How I Got Started – The Story Behind T.H.E. S.O.A.P. Thriving Healing Empowering Seeds of Addicted Parents.
Before my organization ever had a name, it was simply my lived experience as the child of parents who struggled with substance use. At 15 years old, my mother finally entered treatment after years of trying. When she did, I noticed something: there were no meaningful opportunities, activities, or supports to help bring families back together during or after treatment.
Children were often left out of the recovery process — just as we were left out during our parents’ active addiction. I later learned that unless there were court-ordered interventions, children and families are offered little to no support.
I remember visiting my mother during her recovery, along with my grandmother. We would plan visits, and my grandmother would cook for everyone in the recovery facility. But most families didn’t visit, and when they did, their children didn’t visit. That struck me deeply. I couldn’t understand how this made sense.
I was older, but I saw all ages at NA (Narcotics Anonymous) meetings — and still, there was nothing specifically for us as teens and definitely not younger children. No spaces, no conversations, no healing. It was as if we didn’t matter. As if we didn’t need recovery and healing, too.
Even the thought of being neglected yet again broke my heart. But it sparked the flame!
Both of my parents were substance users until, but I was about 15, when my mother finally chose treatment — something I initially met with skepticism. My father was still actively using, and at the time, I was six months pregnant. I had already seen too much, with no voice to advocate for the help I deserved, I honestly just wasn’t convinced. My trauma turned into a “whatever” attitude, which I know better understand was fear.
By then, I had just become a mother myself, and something in me shifted. I found my voice — at least somewhat. My mom started attending NA meetings. I started following her not just to meetings, but reading the literature and listening to the stories. It gave us time to reconnect, and I wanted to understand why.
Why did she use?
Why did she start in the first place?
Why couldn’t she stop, at least for me?
And now, why did it seem like she was chasing meetings the way she once chased drugs?
I was desperate for answers, for knowledge.
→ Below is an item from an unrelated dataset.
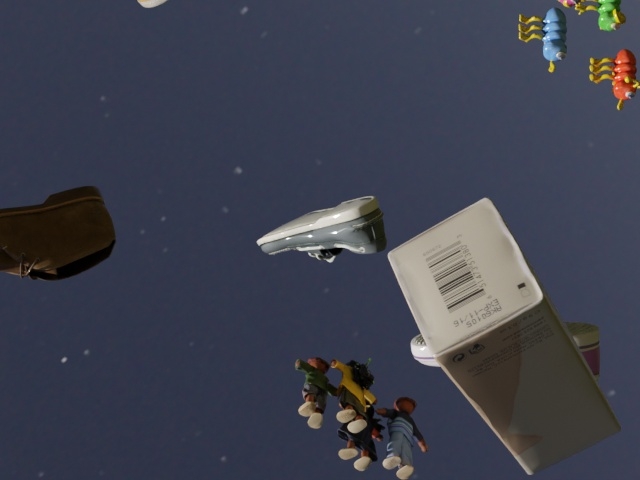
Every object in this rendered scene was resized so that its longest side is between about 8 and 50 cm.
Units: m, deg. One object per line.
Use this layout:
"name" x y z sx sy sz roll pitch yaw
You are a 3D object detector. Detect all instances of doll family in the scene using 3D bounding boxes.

In chasing her recovery alongside her, In 1993, I began to dream of something different: a safe healing space where children like me could tell our stories and begin to heal our wounds.
That’s where the seed for T.H.E. S.O.A.P. was planted:
Thriving because for too long, I was just surviving — my parents’ addiction, the trauma, the silence, the shame.
Healing because even when our parents enter recovery, we still carry invisible wounds.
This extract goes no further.